Tuesday, November 13, 2007

The year is 1878 and I am still pro-slavery...

The year is 1878 and I am still pro-slavery. Scripture is pretty clear on the issue. I don't understand why slavery was ever ended. This whole "end of slavery" thing was created by people who just don't value God's word. We need to decide whether we will get our instruction from the world or from scripture. If we say scripture is our supreme authority, then we need to do what it says.

If Jesus was against slavery, why is he silent on the issue? He never speaks out against it. In fact, nowhere in scripture does it say anything against slavery. And what about the apostle Paul? Most of the New Testament is comprised of Paul's letters to his churches. Paul wasn't silent on the issue. He was pretty clear.

Ephesians 6:5-9
"Slaves, obey your earthly masters with respect and fear, and with sincerity of heart, just as you would obey Christ. Obey them not only to win their favor when their eye is on you, but like slaves of Christ, doing the will of God from your heart. Serve wholeheartedly, as if you were serving the Lord, not men, because you know that the Lord will reward everyone for whatever good he does, whether he is slave or free.

And masters, treat your slaves in the same way. Do not threaten them, since you know that he who is both their Master and yours is in heaven, and there is no favoritism with him."

And again in his letter to the church in Colossi, Paul let's us know his view on slavery.
Colossians 3:22-4:1
"Slaves, obey your earthly masters in everything; and do it, not only when their eye is on you and to win their favor, but with sincerity of heart and reverence for the Lord. Whatever you do, work at it with all your heart, as working for the Lord, not for men, since you know that you will receive an inheritance from the Lord as a reward. It is the Lord Christ you are serving. Anyone who does wrong will be repaid for his wrong, and there is no favoritism.

Masters, provide your slaves with what is right and fair, because you know that you also have a Master in heaven."

Now let me be clear. Paul taught us as Christians that we should treat our slaves well. As scripture says, we should provide our slaves with "what is right and fair." And it says that we shouldn't "threaten them." After all, we ourselves have a Master in heaven who we are to obey.

But as for slaves, freedom is not an option. Paul never says we should let our slaves go free. He never says slaves should revolt. His command is that "slaves obey their masters." And this is the word of God. Far be it from us to disobey what God instructs us to do.

And how could we destroy this God ordained institution of slavery? It is clear from these passages that the "Master/slave" relationship is a reflection of our relationship with our Lord.
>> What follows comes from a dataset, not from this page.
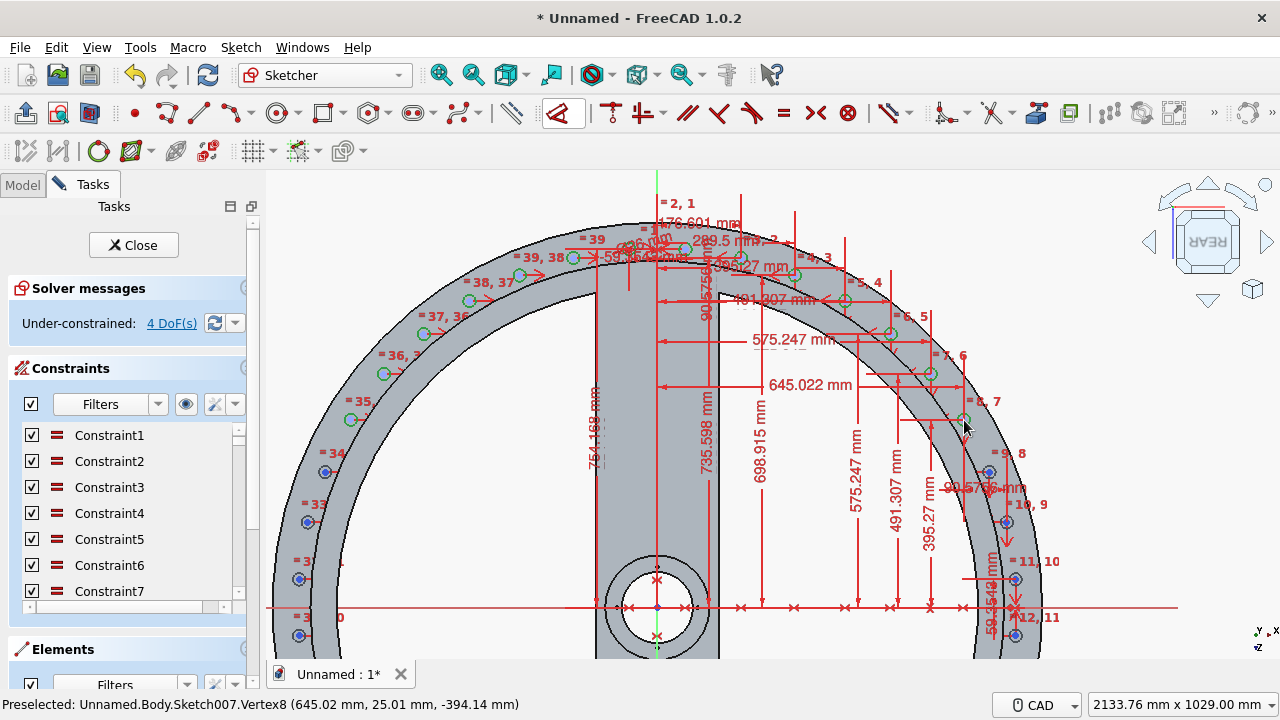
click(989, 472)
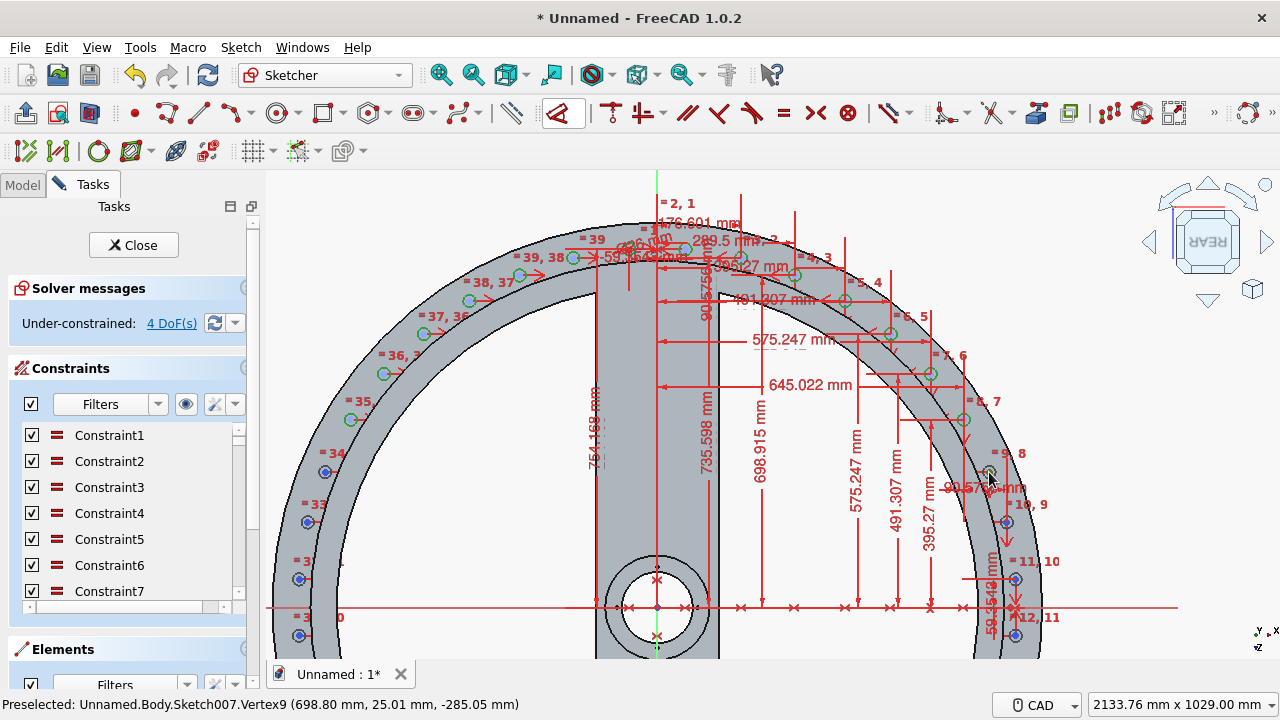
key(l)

Jesus is our "Master in heaven" and we are called to be "slaves to righteousness" (Romans 6:18). Trying to destroy the institution of slavery is like trying to destroy the institution of marriage. Both marriage and slavery are used as images to describe our relationship with God. Both were God ordained hierarchies that are necessary for society to continue in God's blessing.
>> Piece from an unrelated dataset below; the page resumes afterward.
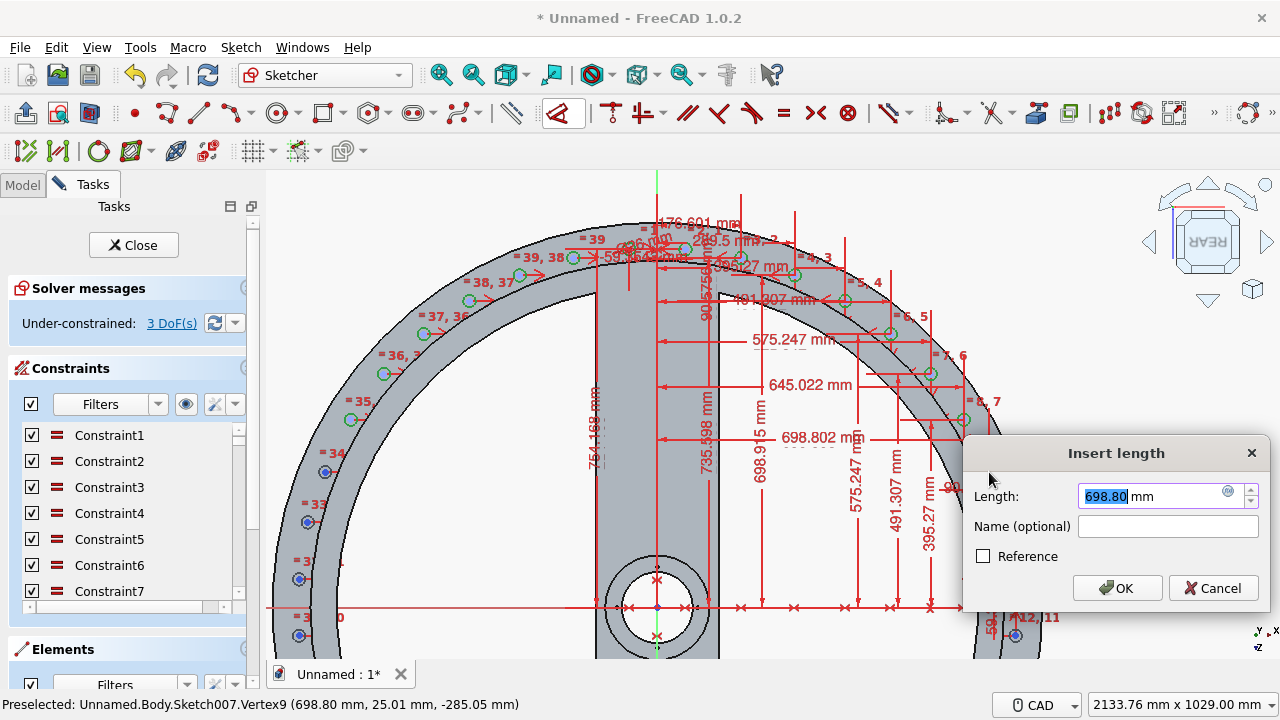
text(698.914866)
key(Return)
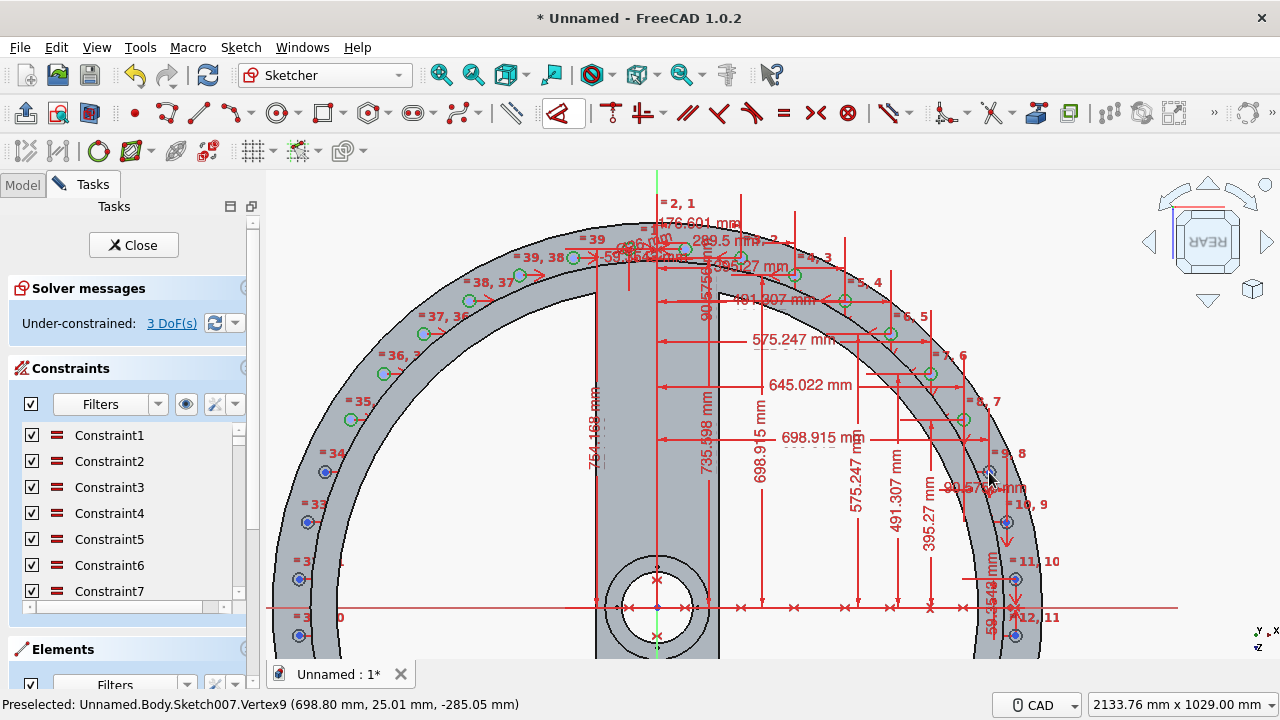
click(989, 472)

It makes me sick to hear all these pseudo-conservatives and fundamentalists who claim to hold God's word as inerrant and infallible and yet they stand against slavery in all of its forms. No, that is not the biblical view. The correct biblical view is that we should reinstate slavery according to God's word. Slaves should obey their masters and masters should treat their slaves well. If we take scripture seriously, it is the only view that we can hold.
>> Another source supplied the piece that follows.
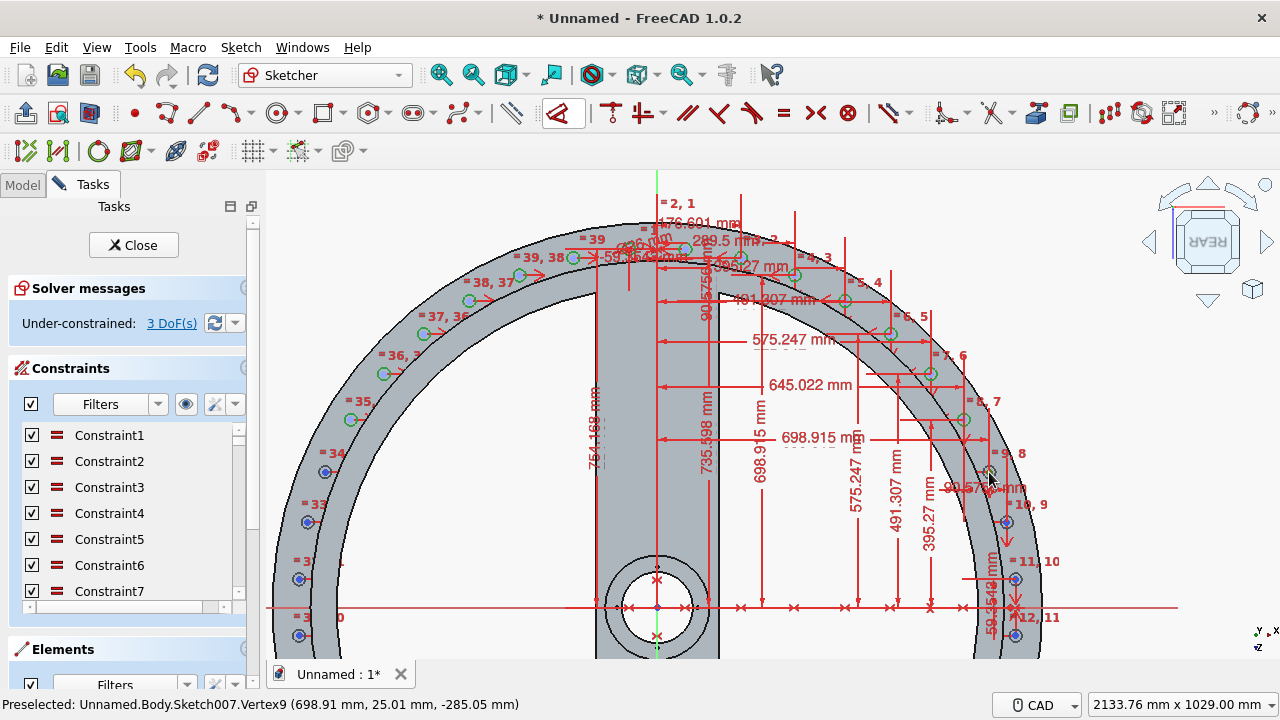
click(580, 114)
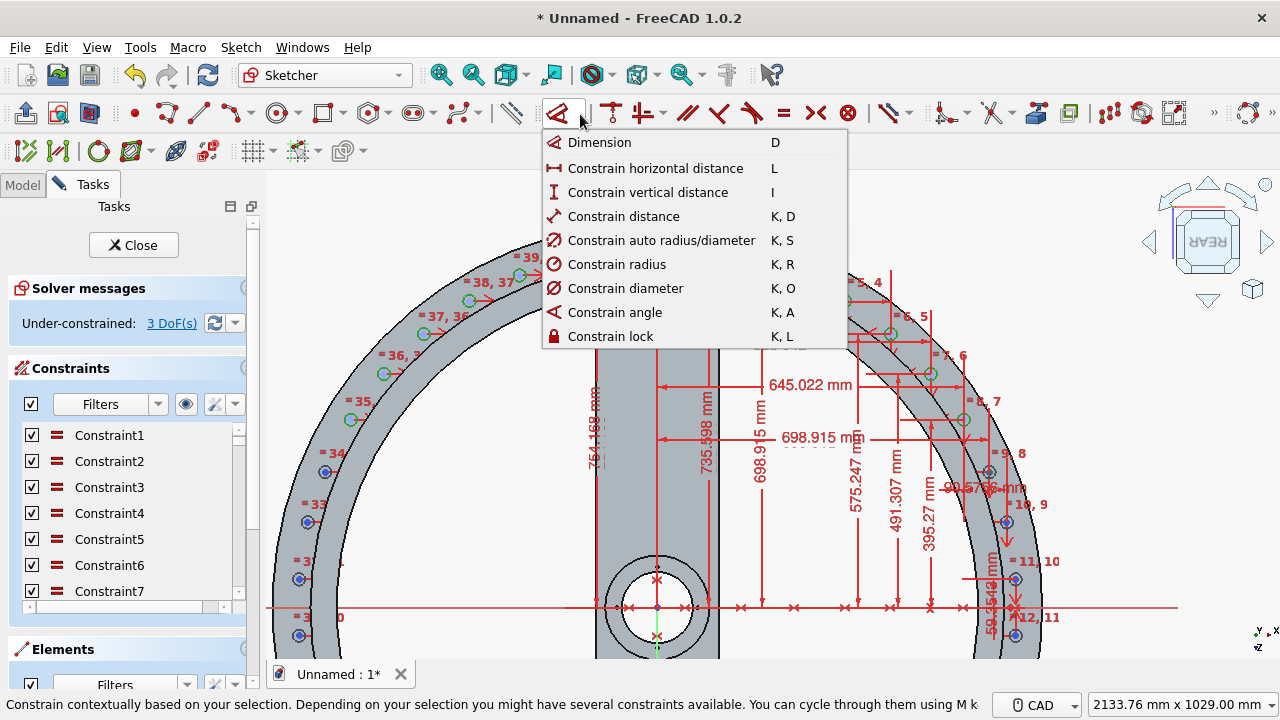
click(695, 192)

Now that slavery has been ended and God's word disobeyed, we are sliding down the slippery slope. What will the new century hold? We have turned away from the word of God and no longer follow its commands. Soon we will see women trying to revolt from their husbands and children controlling their parents (Eph. 5-6). We will see women trying to vote and trying to "have authority over men"(1 Tim. 2:12) We will see the unraveling of America. And it all began with the abolitionist liberals who hate our nation and hate God's word.

The above post is and example of the way many people used scripture to defend slavery during the 1800's. Churches in the U.S. and in Europe split over the slavery debate. Some used scripture to defend slavery. Others used it to end slavery. We as Christians need to be careful how we use scripture. And we need to make sure we are consistent in our interpretational method.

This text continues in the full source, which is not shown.